### Work instructions
Whenever a line of the data below holds the string "drill", copy that line.

### Entries shown
+++++
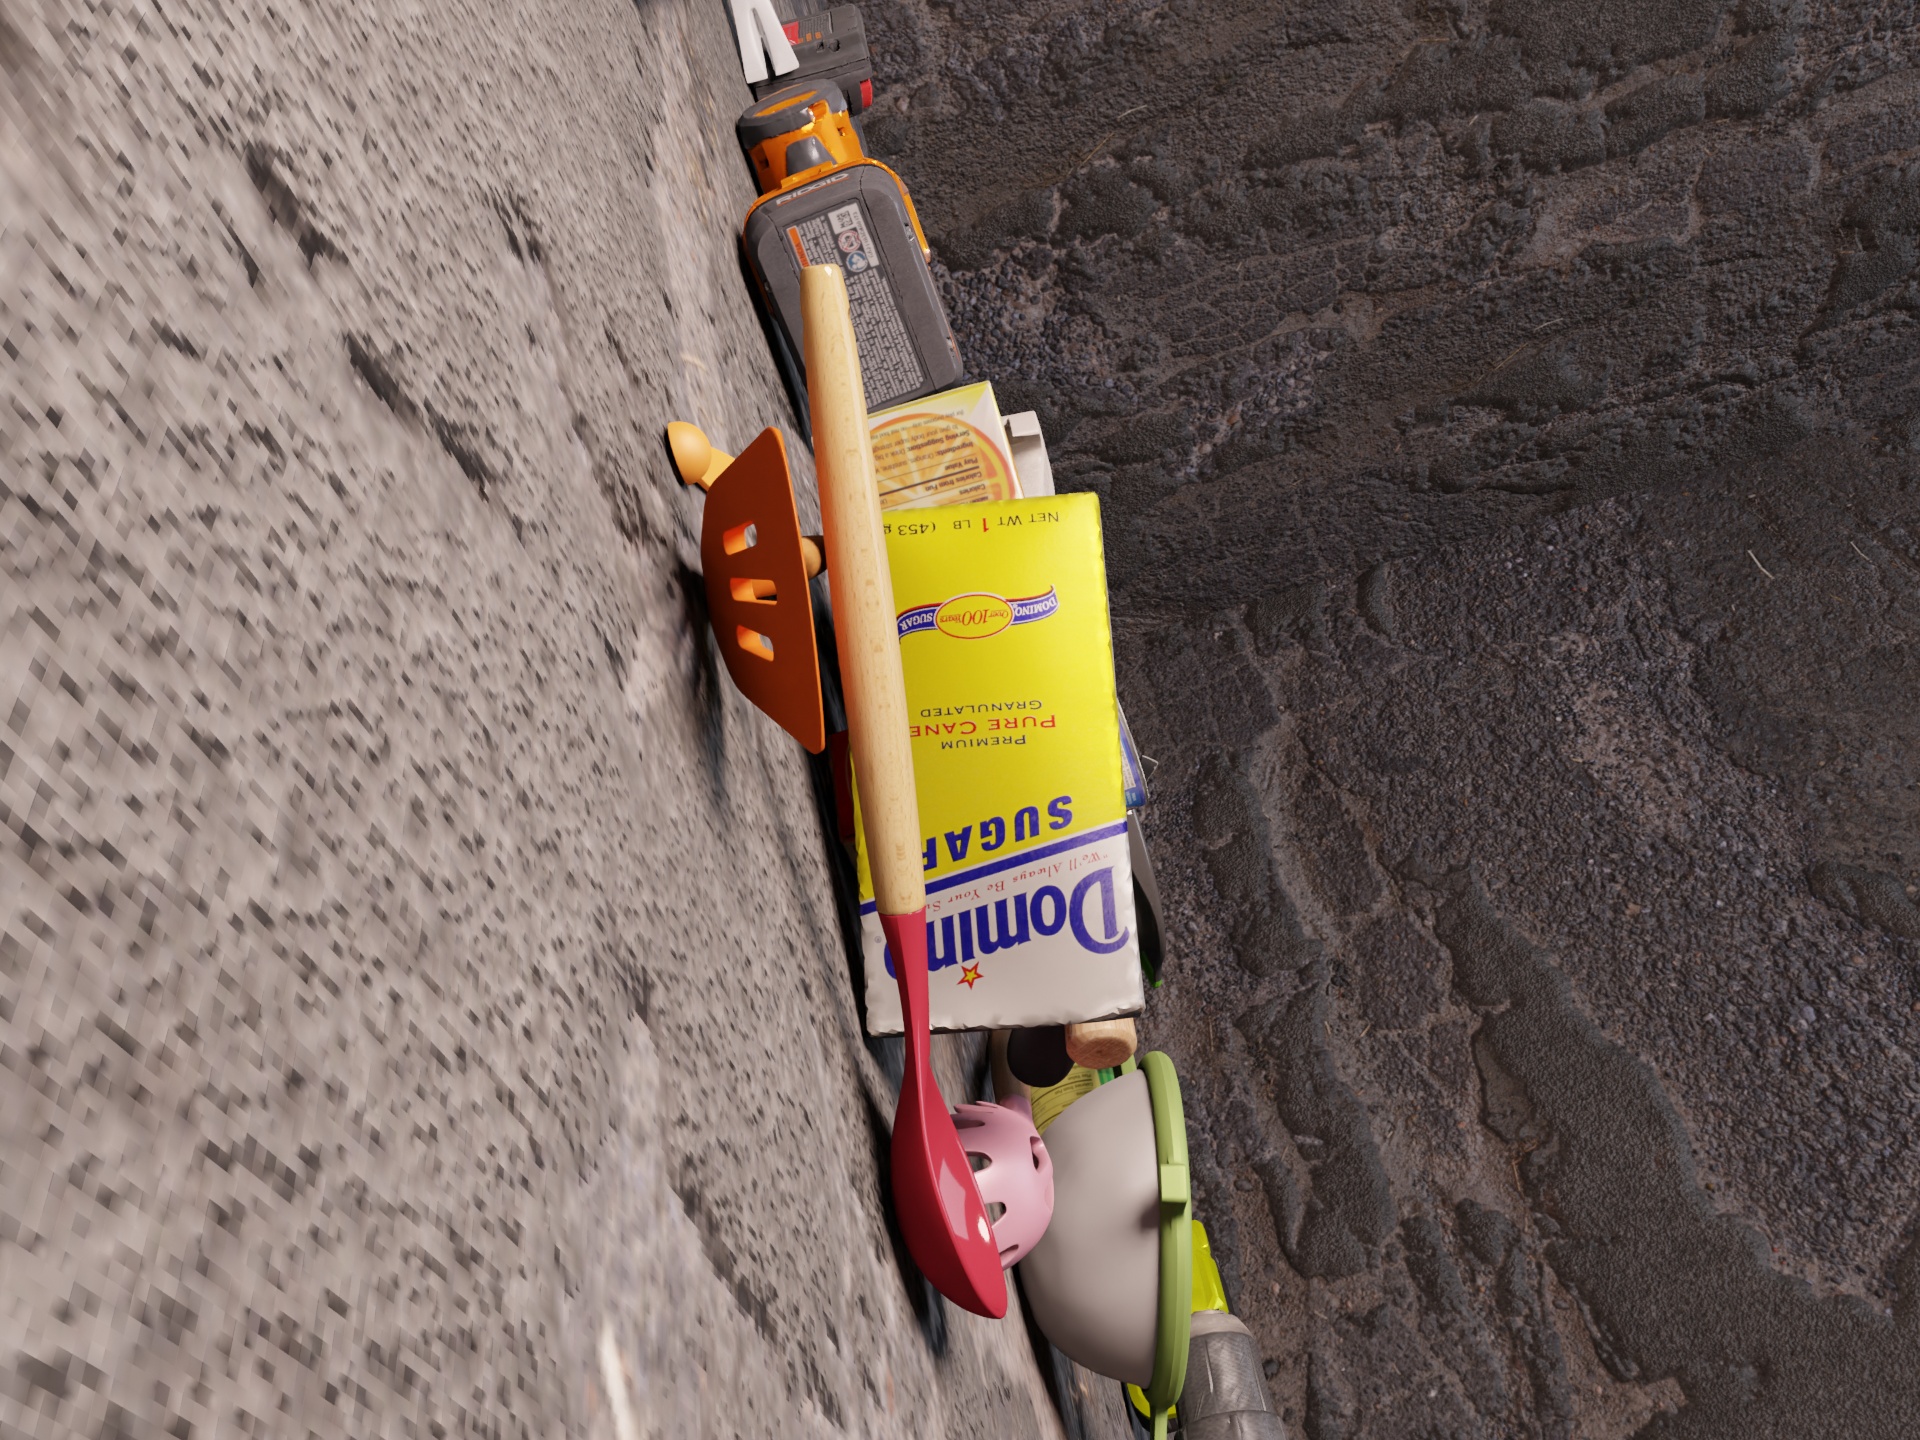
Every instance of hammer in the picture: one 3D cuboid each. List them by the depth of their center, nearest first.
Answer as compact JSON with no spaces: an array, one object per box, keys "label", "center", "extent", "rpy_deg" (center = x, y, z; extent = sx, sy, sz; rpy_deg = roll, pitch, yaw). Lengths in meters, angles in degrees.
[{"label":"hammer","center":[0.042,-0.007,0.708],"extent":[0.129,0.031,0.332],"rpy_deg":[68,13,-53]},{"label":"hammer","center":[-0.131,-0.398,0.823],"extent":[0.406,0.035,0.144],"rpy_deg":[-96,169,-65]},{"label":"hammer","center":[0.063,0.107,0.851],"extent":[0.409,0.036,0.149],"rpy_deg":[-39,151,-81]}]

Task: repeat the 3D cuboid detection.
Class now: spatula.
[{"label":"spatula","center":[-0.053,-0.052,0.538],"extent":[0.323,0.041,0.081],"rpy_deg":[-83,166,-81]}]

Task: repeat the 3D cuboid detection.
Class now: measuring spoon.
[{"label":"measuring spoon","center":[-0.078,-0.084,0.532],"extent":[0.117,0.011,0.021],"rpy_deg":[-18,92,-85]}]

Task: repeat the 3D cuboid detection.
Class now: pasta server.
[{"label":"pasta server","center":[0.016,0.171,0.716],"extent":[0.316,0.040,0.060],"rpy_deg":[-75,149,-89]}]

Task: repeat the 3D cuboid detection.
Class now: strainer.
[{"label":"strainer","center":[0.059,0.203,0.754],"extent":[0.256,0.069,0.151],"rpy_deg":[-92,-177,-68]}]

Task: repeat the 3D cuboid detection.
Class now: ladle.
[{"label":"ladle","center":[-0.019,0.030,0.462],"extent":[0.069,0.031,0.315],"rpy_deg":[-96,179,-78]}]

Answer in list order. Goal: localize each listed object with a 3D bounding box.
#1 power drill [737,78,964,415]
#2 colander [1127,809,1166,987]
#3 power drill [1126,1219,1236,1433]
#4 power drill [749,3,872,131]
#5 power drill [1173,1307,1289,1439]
+++++
### Task result
#1 power drill [737,78,964,415]
#3 power drill [1126,1219,1236,1433]
#4 power drill [749,3,872,131]
#5 power drill [1173,1307,1289,1439]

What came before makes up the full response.